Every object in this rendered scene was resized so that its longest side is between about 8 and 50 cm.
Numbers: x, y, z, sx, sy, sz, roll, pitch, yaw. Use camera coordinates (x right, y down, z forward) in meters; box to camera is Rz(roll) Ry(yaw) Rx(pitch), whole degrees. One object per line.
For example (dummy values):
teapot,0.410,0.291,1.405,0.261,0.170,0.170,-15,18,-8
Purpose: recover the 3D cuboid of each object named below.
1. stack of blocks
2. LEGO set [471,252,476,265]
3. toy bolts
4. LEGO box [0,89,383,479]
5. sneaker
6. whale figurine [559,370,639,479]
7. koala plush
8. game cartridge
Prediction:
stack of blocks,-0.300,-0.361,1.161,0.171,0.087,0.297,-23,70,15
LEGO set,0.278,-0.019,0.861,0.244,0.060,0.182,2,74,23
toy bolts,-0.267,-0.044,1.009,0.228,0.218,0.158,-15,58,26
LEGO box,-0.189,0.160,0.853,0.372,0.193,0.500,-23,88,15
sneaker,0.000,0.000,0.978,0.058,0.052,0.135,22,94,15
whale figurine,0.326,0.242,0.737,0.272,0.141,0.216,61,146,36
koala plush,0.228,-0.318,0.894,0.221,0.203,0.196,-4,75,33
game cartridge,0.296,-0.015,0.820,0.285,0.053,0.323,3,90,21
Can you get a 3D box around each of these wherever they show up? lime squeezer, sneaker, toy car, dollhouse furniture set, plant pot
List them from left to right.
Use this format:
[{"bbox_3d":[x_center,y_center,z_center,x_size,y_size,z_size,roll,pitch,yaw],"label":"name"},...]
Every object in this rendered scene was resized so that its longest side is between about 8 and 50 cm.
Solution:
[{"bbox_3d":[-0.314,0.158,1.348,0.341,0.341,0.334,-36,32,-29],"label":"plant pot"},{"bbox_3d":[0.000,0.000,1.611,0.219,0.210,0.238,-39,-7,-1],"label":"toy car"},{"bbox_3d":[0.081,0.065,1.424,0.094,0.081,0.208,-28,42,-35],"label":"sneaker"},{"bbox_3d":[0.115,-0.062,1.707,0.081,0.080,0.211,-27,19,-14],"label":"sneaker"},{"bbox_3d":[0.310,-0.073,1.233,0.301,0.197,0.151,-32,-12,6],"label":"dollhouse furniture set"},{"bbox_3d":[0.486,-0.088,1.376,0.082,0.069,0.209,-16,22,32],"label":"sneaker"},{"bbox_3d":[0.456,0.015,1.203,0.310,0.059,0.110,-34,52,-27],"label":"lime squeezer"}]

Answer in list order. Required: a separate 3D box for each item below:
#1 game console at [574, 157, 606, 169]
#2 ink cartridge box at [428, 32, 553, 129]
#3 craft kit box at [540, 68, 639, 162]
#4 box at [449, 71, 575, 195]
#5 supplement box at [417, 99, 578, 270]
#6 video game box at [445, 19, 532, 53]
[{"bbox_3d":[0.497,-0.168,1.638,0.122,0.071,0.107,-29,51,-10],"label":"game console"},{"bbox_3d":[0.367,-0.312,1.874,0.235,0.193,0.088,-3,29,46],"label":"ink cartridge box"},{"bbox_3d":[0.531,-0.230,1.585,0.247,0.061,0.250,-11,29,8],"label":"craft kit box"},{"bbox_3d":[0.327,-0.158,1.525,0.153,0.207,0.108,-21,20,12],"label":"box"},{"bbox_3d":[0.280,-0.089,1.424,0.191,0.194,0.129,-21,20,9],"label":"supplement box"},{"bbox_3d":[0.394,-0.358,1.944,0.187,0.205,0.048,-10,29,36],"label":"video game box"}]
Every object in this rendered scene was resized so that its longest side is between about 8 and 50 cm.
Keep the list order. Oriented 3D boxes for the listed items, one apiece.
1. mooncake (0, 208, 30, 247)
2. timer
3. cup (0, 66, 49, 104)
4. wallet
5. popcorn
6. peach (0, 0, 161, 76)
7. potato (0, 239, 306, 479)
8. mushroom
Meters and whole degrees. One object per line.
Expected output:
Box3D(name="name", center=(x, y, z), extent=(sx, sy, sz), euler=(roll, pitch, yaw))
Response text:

___

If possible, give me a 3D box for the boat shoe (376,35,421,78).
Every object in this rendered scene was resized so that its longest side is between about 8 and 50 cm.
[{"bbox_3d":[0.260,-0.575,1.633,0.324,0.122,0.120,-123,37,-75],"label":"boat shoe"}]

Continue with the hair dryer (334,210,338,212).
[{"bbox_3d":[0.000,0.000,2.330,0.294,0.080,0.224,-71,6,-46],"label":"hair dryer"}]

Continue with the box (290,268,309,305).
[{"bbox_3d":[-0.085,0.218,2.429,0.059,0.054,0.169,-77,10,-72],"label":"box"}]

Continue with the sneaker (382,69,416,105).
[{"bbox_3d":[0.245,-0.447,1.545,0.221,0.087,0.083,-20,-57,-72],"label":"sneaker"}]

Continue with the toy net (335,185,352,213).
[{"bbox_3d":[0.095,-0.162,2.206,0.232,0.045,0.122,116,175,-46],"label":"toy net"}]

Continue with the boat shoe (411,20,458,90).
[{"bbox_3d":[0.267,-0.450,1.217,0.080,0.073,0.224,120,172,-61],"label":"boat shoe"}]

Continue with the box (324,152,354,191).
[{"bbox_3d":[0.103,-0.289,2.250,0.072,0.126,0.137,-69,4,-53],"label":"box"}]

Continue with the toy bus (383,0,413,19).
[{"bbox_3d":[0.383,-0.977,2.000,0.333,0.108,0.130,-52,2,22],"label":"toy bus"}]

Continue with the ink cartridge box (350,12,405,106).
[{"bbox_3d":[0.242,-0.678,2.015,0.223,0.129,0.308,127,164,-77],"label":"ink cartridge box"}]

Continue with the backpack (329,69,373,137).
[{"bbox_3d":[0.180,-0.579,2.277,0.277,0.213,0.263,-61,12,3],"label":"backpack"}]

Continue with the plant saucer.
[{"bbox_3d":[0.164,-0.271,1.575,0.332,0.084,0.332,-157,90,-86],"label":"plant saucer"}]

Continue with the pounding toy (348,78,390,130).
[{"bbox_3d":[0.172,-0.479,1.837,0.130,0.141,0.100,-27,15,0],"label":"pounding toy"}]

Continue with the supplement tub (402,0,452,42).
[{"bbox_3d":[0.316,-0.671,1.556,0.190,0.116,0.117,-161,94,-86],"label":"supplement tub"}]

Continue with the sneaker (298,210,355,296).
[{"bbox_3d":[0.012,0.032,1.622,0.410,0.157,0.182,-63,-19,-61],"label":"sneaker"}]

___

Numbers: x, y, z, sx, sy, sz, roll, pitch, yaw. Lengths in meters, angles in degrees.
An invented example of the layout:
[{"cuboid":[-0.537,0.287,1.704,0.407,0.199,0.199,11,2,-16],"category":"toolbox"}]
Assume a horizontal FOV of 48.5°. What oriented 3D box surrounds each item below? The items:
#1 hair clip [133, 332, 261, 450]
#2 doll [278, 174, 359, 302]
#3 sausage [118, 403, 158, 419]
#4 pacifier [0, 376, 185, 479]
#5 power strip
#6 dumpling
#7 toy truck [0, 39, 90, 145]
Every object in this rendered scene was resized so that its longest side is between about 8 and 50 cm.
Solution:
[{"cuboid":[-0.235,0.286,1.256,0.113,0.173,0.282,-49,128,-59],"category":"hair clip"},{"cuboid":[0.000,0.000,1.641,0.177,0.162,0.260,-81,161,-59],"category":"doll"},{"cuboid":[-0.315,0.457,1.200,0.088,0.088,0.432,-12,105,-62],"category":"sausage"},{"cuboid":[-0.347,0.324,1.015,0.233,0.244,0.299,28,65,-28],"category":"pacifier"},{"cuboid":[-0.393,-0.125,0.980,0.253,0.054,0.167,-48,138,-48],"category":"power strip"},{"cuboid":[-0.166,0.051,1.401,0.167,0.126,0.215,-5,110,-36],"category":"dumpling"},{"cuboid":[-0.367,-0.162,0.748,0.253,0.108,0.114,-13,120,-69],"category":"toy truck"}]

___

(WHAT THE TASK ASKS)
Each line in the data where the string "whole" occurs should be identified and copied.

(EXERCISE RESULT)
Numbers: x, y, z, sx, sy, sz, roll, pitch, yaw. Use camera coordinates (x right, y down, z forward) in meters; box to camera is Rz(roll) Ry(yaw) Rx(pitch), whole degrees. One object per line.
Meters and whole degrees. One object per line.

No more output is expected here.